Net cash provided by financing activities in the nine months ended September 30,
2020 was $143.9 million, primarily consisting of net IPO proceeds of $164.4
million and net proceeds of $10.0 million received from additional borrowings
under the credit facility with Signature Bank, partially offset by the $30.3
million repayments of the amount outstanding under the credit facility.

Off-Balance Sheet Arrangements



We do not have any off-balance sheet arrangements, as defined by applicable
regulations of the U.S. Securities and Exchange Commission, that are reasonably
likely to have a current or future material effect on our financial condition,
results of operations, liquidity, capital expenditures or capital resources.

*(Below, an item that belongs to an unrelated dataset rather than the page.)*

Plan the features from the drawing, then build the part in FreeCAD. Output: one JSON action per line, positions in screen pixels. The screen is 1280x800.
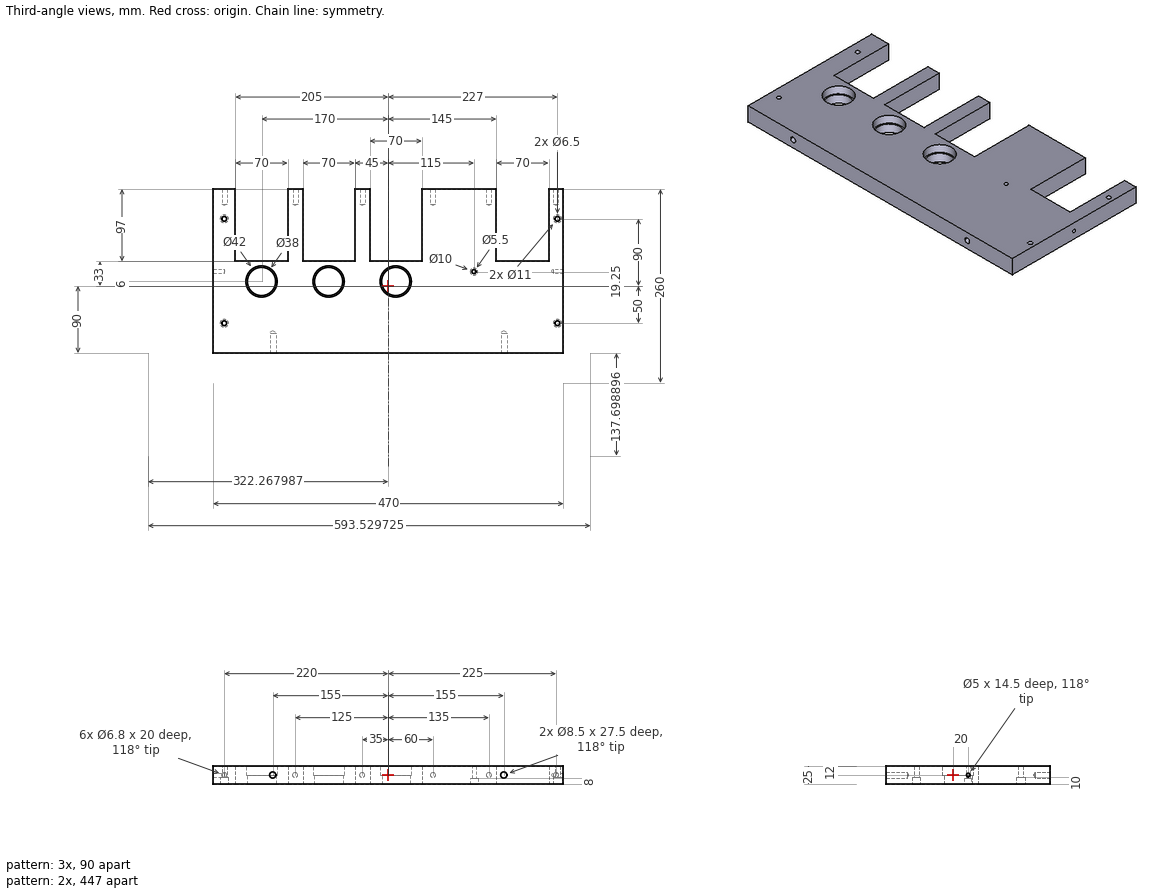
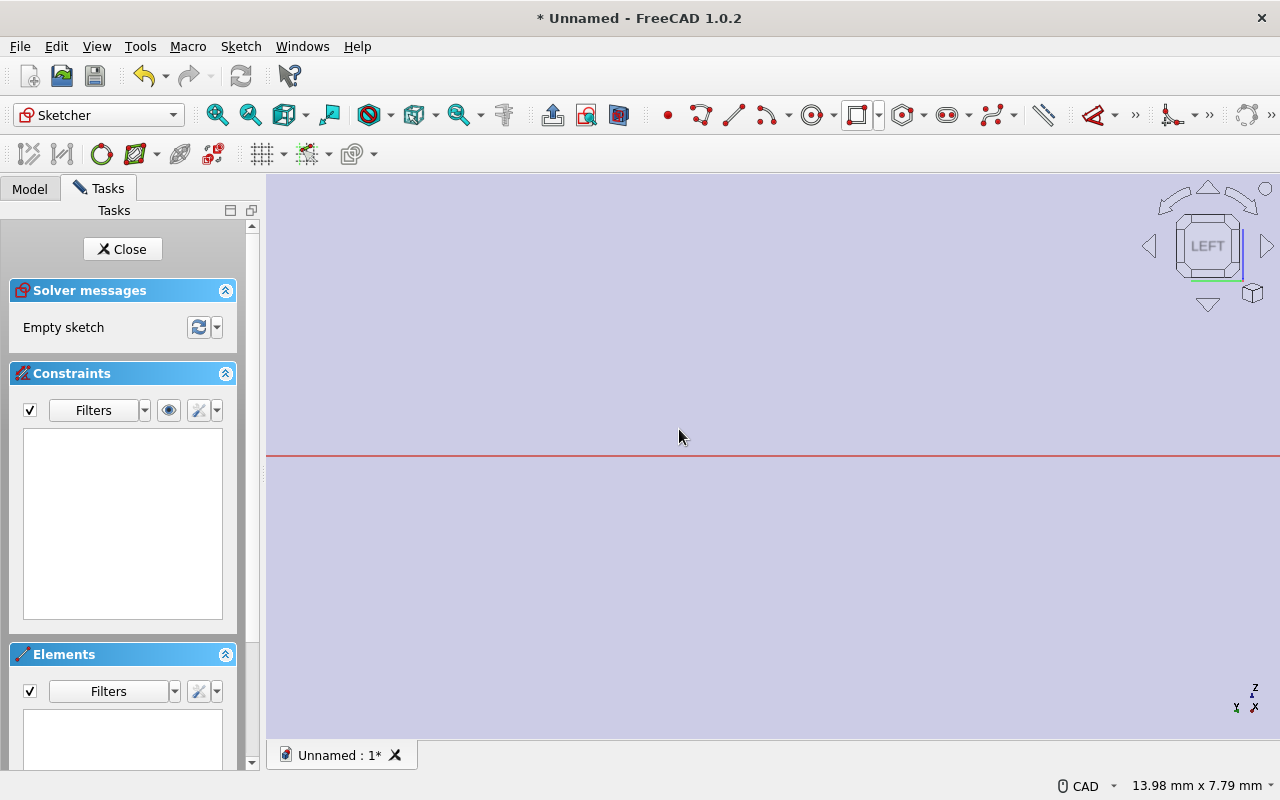
{"action": "left_click", "coordinate": [812, 116]}

Contractual Obligations and Commitments

There have been no material changes outside the ordinary course of business to the Company's contractual obligations from those disclosed in "Management's Discussion and Analysis of Financial Condition and Results of Operations" included in our Annual Report on Form 10-K for the year ended December 31, 2020.

Critical Accounting Policies and Estimates



Management's discussion and analysis of our financial condition and results of
operations is based on our financial statements, which have been prepared in
accordance with U.S. GAAP. The preparation of these financial statements
requires us to make estimates and assumptions for the reported amounts of
assets, liabilities, revenue, expenses and related disclosures. Our estimates
are based on our historical experience and on various other factors that we
believe are reasonable under the circumstances, the results of which form the
basis for making judgments about the carrying value of assets and liabilities
that are not readily apparent from other sources. Actual results may differ from
these estimates under different assumptions or conditions and any such
differences may be material.

There were no material changes to our critical accounting policies or in the
methodology used for estimates from those described in "Management's Discussion
and Analysis of Financial Condition and Results of Operations" included in our
Annual Report on Form 10-K for the year ended December 31, 2020 with the
exception of the Company's adoption of Accounting Standards Update No. 2016-02,
Leases (Topic 842) ("ASC 842"). See the section entitled "Recently Adopted
Accounting Pronouncements" within the Company's Summary of Significant
Accounting Policies and Note 7, Commitments and Contingencies for further
discussion of the Company's adoption of ASC 842 and related disclosures.